The reason for different phosphorylation of topoisomerase I in two sublines of L5178Y murine lymphoma (LY cells) was investigated. Camptothecin-resistant LY-S cells show increased poly(ADP-ribose) level and lowered topoisomerase I phosphorylation compared to camptothecin-sensitive LY-R cells. In this study diminished phosphorylation of LY-S topoisomerase I was observed for sites recognized by casein kinase 2 but not for those phosphorylated by protein kinase C. Tryptic digests of LY-S topoisomerase I labeled in vitro by casein kinase 2 indicated that phosphorylation was similarly lowered at different sites. Activity of casein kinase 2 measured in nuclear extracts was about 1.7 times lower for LY-S than LY-R cells. This difference was diminished or eliminated by increasing casein concentration, diluting the extract or increasing the ionic strength. Activity of poly(ADP-ribose) polymerase was 5.3 times higher in LY-S than in LY-R nuclei. When the activity of the polymerase was inhibited by treatment of LY-S cells with benzamide, casein kinase 2-catalyzed phosphorylation of topoisomerase I increased.

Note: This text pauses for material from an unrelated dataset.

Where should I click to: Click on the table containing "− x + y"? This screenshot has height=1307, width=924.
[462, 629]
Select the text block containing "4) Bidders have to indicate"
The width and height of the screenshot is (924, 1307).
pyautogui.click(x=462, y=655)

This was accompanied by an increase in sensitivity to camptothecin as reflected in the diminished viability of LY-S cells.

Topoisomerase I is differently phosphorylated in two sublines of L5178Y mouse lymphoma cells.

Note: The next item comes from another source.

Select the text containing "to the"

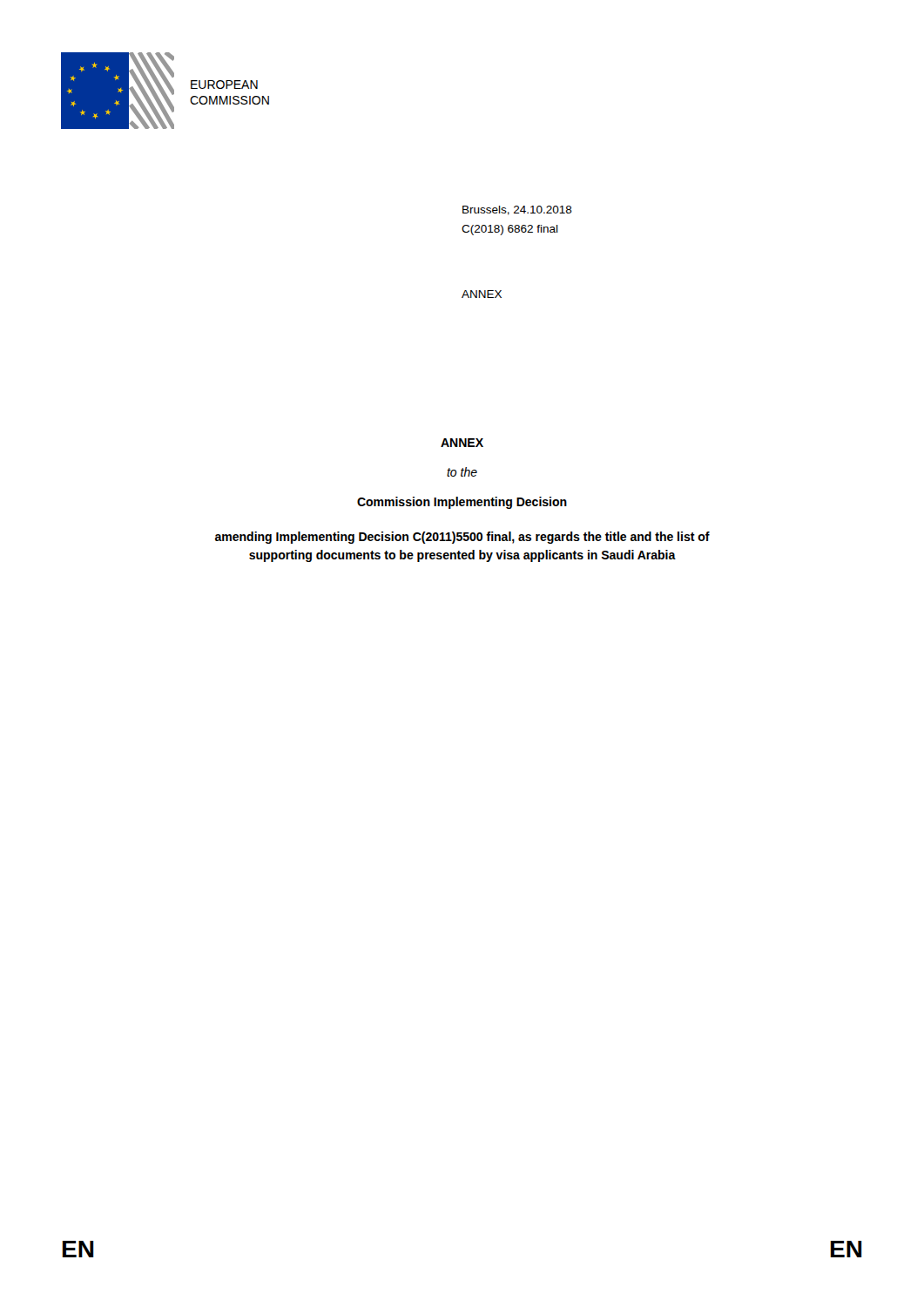[462, 472]

Two sublines of LY murine lymphoma, differing in sensitivity to CPT, served as source of topoisomerase I in order to compare the enzyme's properties. The activity of topoisomerase I isolated from LY-S cells of reduced sensitivity to CPT increased about 2-times more upon phosphorylation with casein kinase but was inhibited to a lesser extent upon dephosphorylation with alkaline phosphatase than the enzyme from the CPT-sensitive LY-R cells. The in vitro phosphorylation of LY-S enzyme restored its sensitivity to CPT. The in vitro incorporation of 32P into topoisomerase protein was about 1.7-times higher in LY-S than in LY-R enzyme. A reversed incorporation ratio was observed upon metabolic labelling. The level of topoisomerase I protein, determined by Western blot analysis using scleroderma anti-topoisomerase I antibodies, was about 1.5-times higher in LY-S than in LY-R cells. The level of topoisomerase I mRNA was similar in both sublines. These results indicate that the reduced sensitivity of LY-S cells to CPT is based on the lowered phosphorylation of topoisomerase I protein but does not depend on the expression of topoisomerase I gene.

PKA controls a level of topoisomerase I mRNA in mouse L5178Y lymphoma cells treated with db-cAMP.

The level of topoisomerase I mRNA was measured in cells of two mouse lymphoma (LY) sublines treated with db-cAMP. A transient increase of the level was observed to be of about 60% of the basic level and to have maximum after the 3 h treatment of LY-S cells. The increase in LY-R subline was two-fold lower. The activity of PKA in a cytosol fraction of LY-S cells was 1.75 times higher than that in LY-R cells. The activity of PKA in membranes and nuclear fraction did not differ significantly in both cell types. When the activity of PKA in LY-S cells was inhibited with H8, no increase of the level of topoisomerase I mRNA was observed upon db-cAMP treatment of cells. We suggest that the activity of PKA in the cytosol controls the expression of topoisomerase I gene in LY cells at high concentration of cAMP.